Narra los primeros días de cautiverio como días eternos, con la pierna rota, una bala en el hombre, un dolor intenso. Pero dice también que no se comparan con los dolores de parto, días sin bañarse, sin medicina, cuenta que sentía piojos en el pelo, vendada no se podía rascar ni espulgar la cabeza.

 

Físicamente estaba destrozada, pero interiormente estaba fortalecida por sus ideales, por la compañía de sus compañeros que murieron torturados en esas mismas cárceles. Dice que sentía la presencia de ellos, la fuerza de ayuda que emanaban del silencio y de la soledad del interior de la celda.

 

Los días en la cárcel transcurrían angustiosamente, presentía que sería asesinada y desaparecida como muchos compas capturados en combate.

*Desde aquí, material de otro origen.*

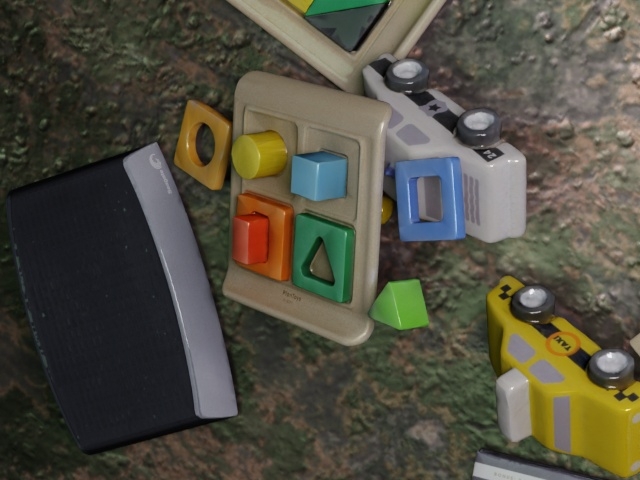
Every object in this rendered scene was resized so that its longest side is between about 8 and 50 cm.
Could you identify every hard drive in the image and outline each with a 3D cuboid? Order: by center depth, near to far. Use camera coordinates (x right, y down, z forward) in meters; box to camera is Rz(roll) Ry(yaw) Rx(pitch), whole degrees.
[{"bbox_3d":[-0.184,0.056,1.574,0.172,0.054,0.254,-16,90,20],"label":"hard drive"}]

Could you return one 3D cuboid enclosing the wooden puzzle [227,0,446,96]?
[{"bbox_3d":[0.010,-0.267,1.481,0.239,0.044,0.221,39,106,12],"label":"wooden puzzle"}]

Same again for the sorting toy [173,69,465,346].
[{"bbox_3d":[-0.025,-0.029,1.430,0.348,0.047,0.196,19,108,46],"label":"sorting toy"}]

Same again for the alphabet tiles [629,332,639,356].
[{"bbox_3d":[0.410,0.036,1.286,0.342,0.011,0.285,-40,78,11],"label":"alphabet tiles"}]

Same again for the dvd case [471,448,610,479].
[{"bbox_3d":[0.191,0.300,1.486,0.165,0.018,0.221,12,99,18],"label":"dvd case"}]

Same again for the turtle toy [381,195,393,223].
[{"bbox_3d":[0.000,0.000,1.498,0.095,0.066,0.130,20,101,17],"label":"turtle toy"}]

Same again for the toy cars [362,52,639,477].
[{"bbox_3d":[0.127,0.025,1.396,0.087,0.176,0.393,-27,85,-22],"label":"toy cars"}]

De pronto se escuchaba murmuraciones entre los oficiales, le despertó curiosidad y enciende la radio para escuchar las noticias, la sorpresa es que la hija del presidente Duarte la había capturado la guerrita en un asalto frente a la universidad que ella frecuentaba.

 

La narración del acto de secuestro en tiempo record de 4 minutos incluyendo salir del lugar, así como neutralizar la seguridad de Inés Duarte. Este acto demuestra la efectividad de los comandos urbanos de la guerrilla. Otro acto similar fue la masacre perpetrada en la Zona Rosa, una zona exclusiva de San Salvador, en donde ametrallaron a unos asesores norteamericanos que estaban compartiendo en un restaurante.

 

Con el secuestro de Inés los oficiales comienzan a especular sobre la liberación de Nidia, algunos hasta le confirman que esta en la lista del canje anunciado por la guerrilla. Las negociaciones avanzan hasta llegar a acuerdos de canjear alcaldes secuestrados, oficiales y la hija de Duarte por un grupo de guerrilleros capturados y la salida de lisiados de guerra a curarse a cuba.

 

El día  esperado llega, se despide de los encarcelados otorgando algunos recuerdos entre ellos toallas, camisas, calcetines inclusive cigarros y dulces que recibía de las visitas. El momento ha cambiado, la victoria se siente, se vive entre aplausos y vivas se dirigen a Panamá para luego irse a cuba. Sus compañeros de lucha se emocionan de verla nuevamente, pero este momento ha sido posible gracias a la aferracion de sus ideales, el no haber renunciado a sus creencias ni a la revolución. Comenta ella:”si no hubiese sido fiel a mis principios y creencias, el momento que ahora vivo fuera de vergüenza y no de victoria”.    

 

“Mi vida es luchar por la libertad, sino lucho por ella, muero de pena”. Con esta frase terminaba sus cartas dirigidas a oficiales, compañeros, amigos y organizaciones defensoras de los derechos humanos.